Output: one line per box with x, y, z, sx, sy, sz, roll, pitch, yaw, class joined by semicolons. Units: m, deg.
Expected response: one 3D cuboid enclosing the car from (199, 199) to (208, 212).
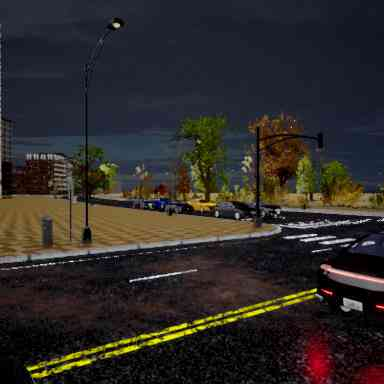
1.052;1.550;39.727;1.882;1.535;5.008;0;0;-31;car

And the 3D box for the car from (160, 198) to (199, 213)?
-1.480;1.648;37.633;1.994;1.385;4.181;0;0;-32;car

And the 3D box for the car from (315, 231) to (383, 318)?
4.444;1.491;6.410;4.902;1.511;2.128;0;0;-34;car

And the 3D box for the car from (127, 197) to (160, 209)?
-6.801;1.597;46.417;2.128;1.511;4.902;0;0;-31;car

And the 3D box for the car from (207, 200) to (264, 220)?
3.732;1.564;29.198;1.837;1.490;4.892;0;0;-32;car

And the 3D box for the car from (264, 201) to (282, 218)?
6.280;1.540;31.257;2.128;1.511;4.902;0;0;-32;car

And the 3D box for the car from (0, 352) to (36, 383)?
-3.141;1.492;1.169;4.902;1.511;2.128;0;0;-35;car
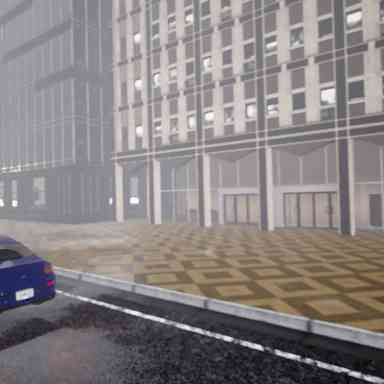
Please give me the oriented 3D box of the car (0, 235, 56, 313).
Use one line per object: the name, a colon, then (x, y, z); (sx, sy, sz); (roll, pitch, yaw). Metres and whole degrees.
car: (-4.764, 1.631, 7.085); (4.674, 1.442, 1.812); (-1, 0, 35)
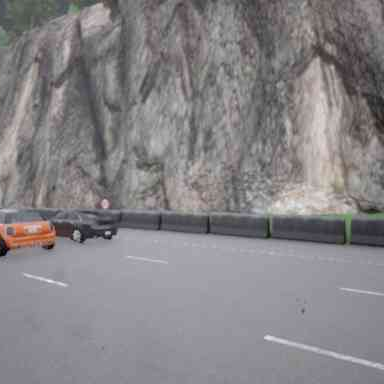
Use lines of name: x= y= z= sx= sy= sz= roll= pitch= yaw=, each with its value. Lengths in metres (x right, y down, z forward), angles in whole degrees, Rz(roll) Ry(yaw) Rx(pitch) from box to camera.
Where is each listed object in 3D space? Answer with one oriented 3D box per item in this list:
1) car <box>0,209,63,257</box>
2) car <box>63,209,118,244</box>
car: x=-7.689 y=1.486 z=13.721 sx=4.553 sy=1.767 sz=2.097 roll=-1 pitch=-1 yaw=36
car: x=-5.812 y=1.646 z=16.685 sx=4.892 sy=1.490 sz=1.837 roll=0 pitch=0 yaw=36
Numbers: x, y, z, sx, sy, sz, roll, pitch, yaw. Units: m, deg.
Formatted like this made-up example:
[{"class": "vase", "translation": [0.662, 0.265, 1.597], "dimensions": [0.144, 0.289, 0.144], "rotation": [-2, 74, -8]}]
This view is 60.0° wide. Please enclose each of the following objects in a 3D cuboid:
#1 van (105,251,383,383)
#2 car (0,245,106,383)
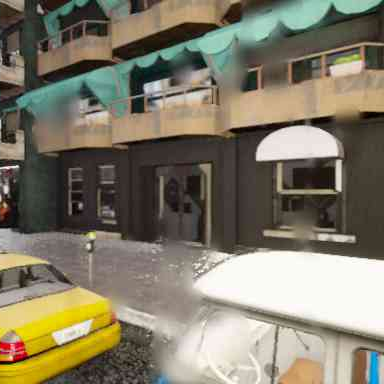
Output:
[{"class": "van", "translation": [1.592, 1.345, 1.596], "dimensions": [3.998, 1.788, 1.690], "rotation": [0, 0, 35]}, {"class": "car", "translation": [-3.184, 1.488, 4.994], "dimensions": [4.829, 1.417, 1.752], "rotation": [0, 0, 35]}]
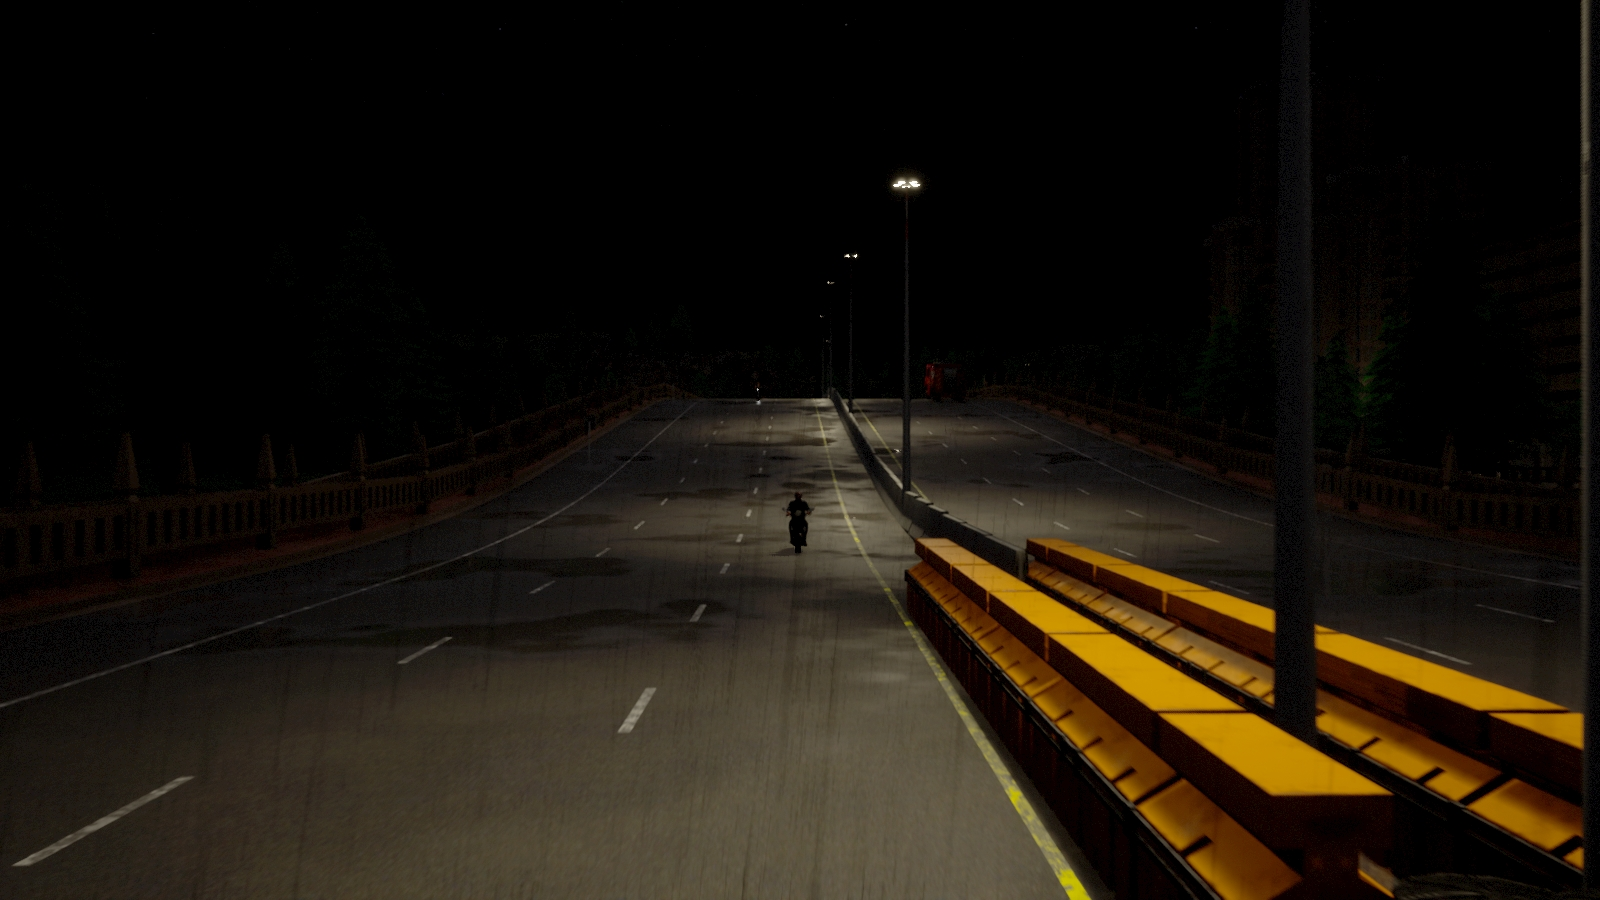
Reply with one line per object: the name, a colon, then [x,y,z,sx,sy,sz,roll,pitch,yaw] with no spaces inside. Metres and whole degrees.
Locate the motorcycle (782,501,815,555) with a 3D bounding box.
motorcycle: [-0.045,2.085,30.833,0.856,1.316,1.805,0,1,0]
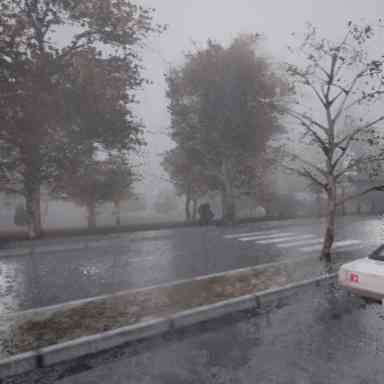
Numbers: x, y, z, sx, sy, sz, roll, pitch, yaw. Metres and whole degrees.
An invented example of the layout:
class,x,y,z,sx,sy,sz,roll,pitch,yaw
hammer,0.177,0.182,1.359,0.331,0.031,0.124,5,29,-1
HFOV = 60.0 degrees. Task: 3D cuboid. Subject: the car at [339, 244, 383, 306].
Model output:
class,x,y,z,sx,sy,sz,roll,pitch,yaw
car,5.116,1.557,6.772,4.718,1.301,1.895,0,0,-35
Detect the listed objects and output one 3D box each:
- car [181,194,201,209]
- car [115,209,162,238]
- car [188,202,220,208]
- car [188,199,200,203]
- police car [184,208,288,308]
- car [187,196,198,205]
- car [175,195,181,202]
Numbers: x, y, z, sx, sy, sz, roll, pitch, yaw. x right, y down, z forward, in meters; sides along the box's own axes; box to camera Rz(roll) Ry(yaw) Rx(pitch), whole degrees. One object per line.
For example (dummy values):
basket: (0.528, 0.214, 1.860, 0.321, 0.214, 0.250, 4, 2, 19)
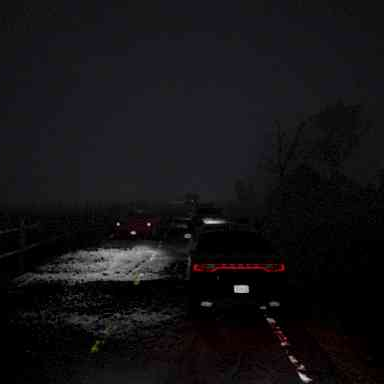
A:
car: (0.073, 1.247, 45.948, 2.150, 2.045, 5.566, 0, 0, 1)
car: (-2.735, 1.602, 17.768, 1.895, 1.301, 4.718, 0, 0, 0)
car: (0.839, 1.507, 18.055, 1.837, 1.490, 4.892, 0, 0, 0)
car: (0.844, 1.509, 24.055, 1.837, 1.490, 4.892, 0, 0, 0)
police car: (0.832, 1.425, 8.165, 1.930, 1.638, 5.238, 0, 0, 0)
car: (0.046, 1.528, 60.562, 1.882, 1.535, 5.008, 0, 0, 0)
car: (-2.693, 1.439, 76.691, 2.097, 1.767, 4.553, 0, 0, 0)
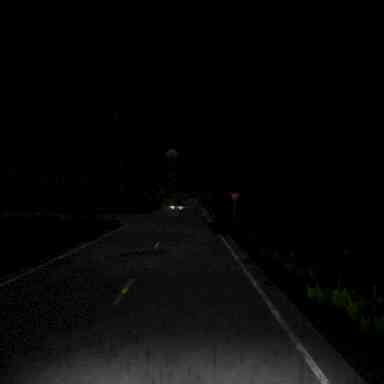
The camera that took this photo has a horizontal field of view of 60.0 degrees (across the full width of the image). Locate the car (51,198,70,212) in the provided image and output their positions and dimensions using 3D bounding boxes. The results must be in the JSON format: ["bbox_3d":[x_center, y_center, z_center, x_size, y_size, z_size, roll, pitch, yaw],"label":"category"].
[{"bbox_3d":[-17.199,1.699,43.456,1.905,1.878,3.866,0,-1,-31],"label":"car"}]

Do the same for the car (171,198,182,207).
[{"bbox_3d":[-3.164,2.118,69.052,2.097,1.767,4.553,0,-1,0],"label":"car"}]
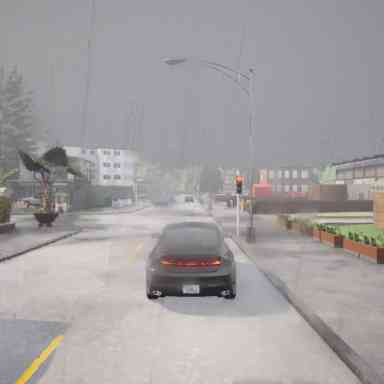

========================================================================

## TASK PROMPT
Beginning with the line holding "2) car <box>63,209,118,244</box>" and ending with the line holding "Formatted like this", write out the stretch of material above exactly; add no further lines.

## YOUR SOLUTION
2) car <box>63,209,118,244</box>
car: x=-7.689 y=1.486 z=13.721 sx=4.553 sy=1.767 sz=2.097 roll=-1 pitch=-1 yaw=36
car: x=-5.812 y=1.646 z=16.685 sx=4.892 sy=1.490 sz=1.837 roll=0 pitch=0 yaw=36
Numbers: x, y, z, sx, sy, sz, roll, pitch, yaw. Units: m, deg.
Formatted like this made-up example:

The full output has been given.